Título: Fazendeiro terá de produzir mais para se livrar de reforma agrária
Autor: Vannildo Mendes
Fonte: O Estado de São Paulo, 13/04/2005, Nacional, p. A12

Após 30 anos sem mexer no conceito de produtividade da terra, o governo federal vai alterar os índices que medem o rendimento no campo para fins de reforma agrária. A medida, a ser adotada por instrução normativa dos Ministérios da Agricultura e do Desenvolvimento Agrário, vai aumentar o estoque de propriedades passíveis de desapropriação e ampliar a polêmica em torno da questão fundiária brasileira. O objetivo é incorporar o progresso científico e as novas tecnologias ao conceito de produtividade rural. Pela minuta da medida, à qual o Estado teve acesso, a produção de gado em algumas regiões precisará ser mais que o dobro da atual para que uma terra seja considerada produtiva e, portanto, livre de desapropriação. É o caso do árido sertão nordestino, onde o número mínimo de reses subirá de 0,13 por hectare para 0,29 por hectare, variação de 123%. Na lavoura, o índice também terá de ser duas ou três vezes superior ao de hoje.

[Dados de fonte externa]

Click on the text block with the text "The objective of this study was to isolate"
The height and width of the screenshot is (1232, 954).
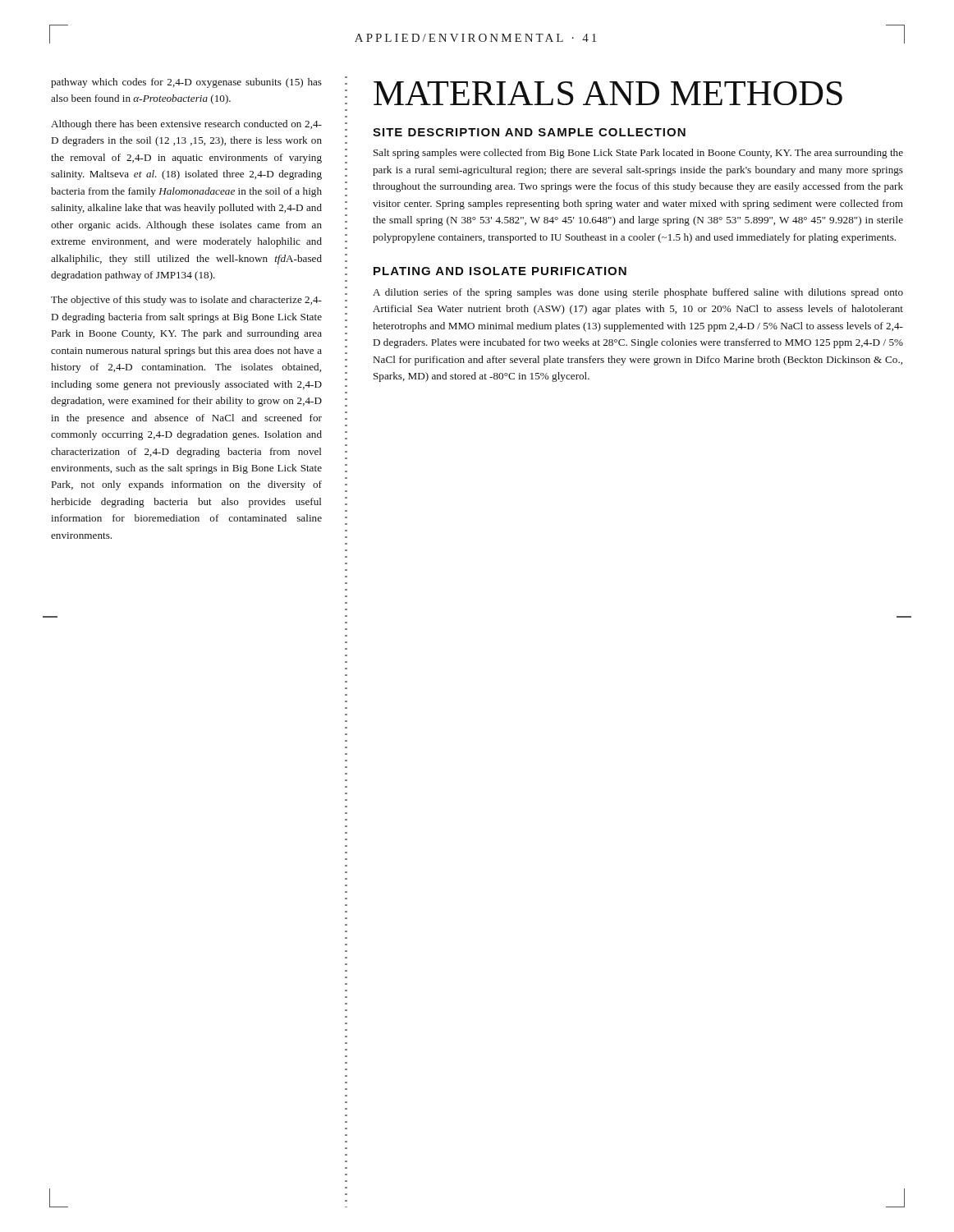186,418

Na década de 70, o Brasil tinha 90 milhões de habitantes e 60 milhões de cabeças de gado. A produção de grãos era de 55 milhões de toneladas. Hoje, o Brasil tem 180 milhões de habitantes para um rebanho de 195 milhões de reses e a produção de grãos superou a barreira das 119 milhões de toneladas. Mas os índices para aferição da produtividade continuam os mesmos fixados em 1975, quando se trata de desapropriar terras produtivas para fins de reforma agrária.

Ao longo desses 30 anos, conforme a exposição da minuta, novas tecnologias, como o computador e a internet, foram incorporadas à realidade do campo. Tratores sofisticados com GPS também chegaram às lavouras, reforçadas com o desenvolvimento da tecnologia genética. Na pecuária, igualmente, o melhoramento genético, a introdução de manejos mais adequados e a qualidade das pastagens tornaram o rebanho brasileiro um dos mais competitivos do mundo.

DIFÍCEIS

Na contramão desses avanços, os processos de desapropriação tornaram-se cada vez mais difíceis, graças a truques desenvolvidos por proprietários. Das desapropriações obtidas, mesmo com índices defasados, muitas são anuladas pela Justiça. Com novos parâmetros, o Incra pode abrir outro processo desapropriatório contra essas terras já vistoriadas, desta vez com melhor chance de sucesso.

A partir dos novos índices, o governo vai exigir o cumprimento dos dispositivos da Constituição e da Lei 8.629 que tratam da função social da terra para, com isso, tirar do papel a reforma agrária, considerada um fracasso até agora. A aferição continuará nos mesmos moldes, a partir de vistorias do Incra para medir o grau de utilização da terra (GUT) e o grau de eficiência na exploração (GEE).

A instrução normativa ajustará os índices de rendimento de 38 produtos vegetais e os índices de lotação (cabeças de reses para a pecuária). Além disso, fixará índices para 37 novos produtos vegetais, 7 deles produtos extrativos florestais. Para contemplar a diversidade do País, o número de zonas de produção passa de cinco para oito.

PERIODICIDADE

A Lei 8.629 considera produtiva a propriedade que, "explorada econômica e racionalmente, atinge simultaneamente graus" de uso da terra e eficiência na exploração, segundo índices fixados pelo órgão competente. O artigo 11 da lei prevê que os parâmetros, índices e indicadores que informam o conceito de produtividade serão ajustados periodicamente, de modo a levar em conta o progresso científico e tecnológico da agricultura e o desenvolvimento regional.

O Brasil tem 4,2 milhões de propriedades rurais, perfazendo 420 milhões de hectares. Só 3,5% têm mais de 500 hectares, mas juntas somam 235 milhões de hectares. O governo não sabe ainda quantas serão alcançadas pelo novo conceito de aferição da produtividade.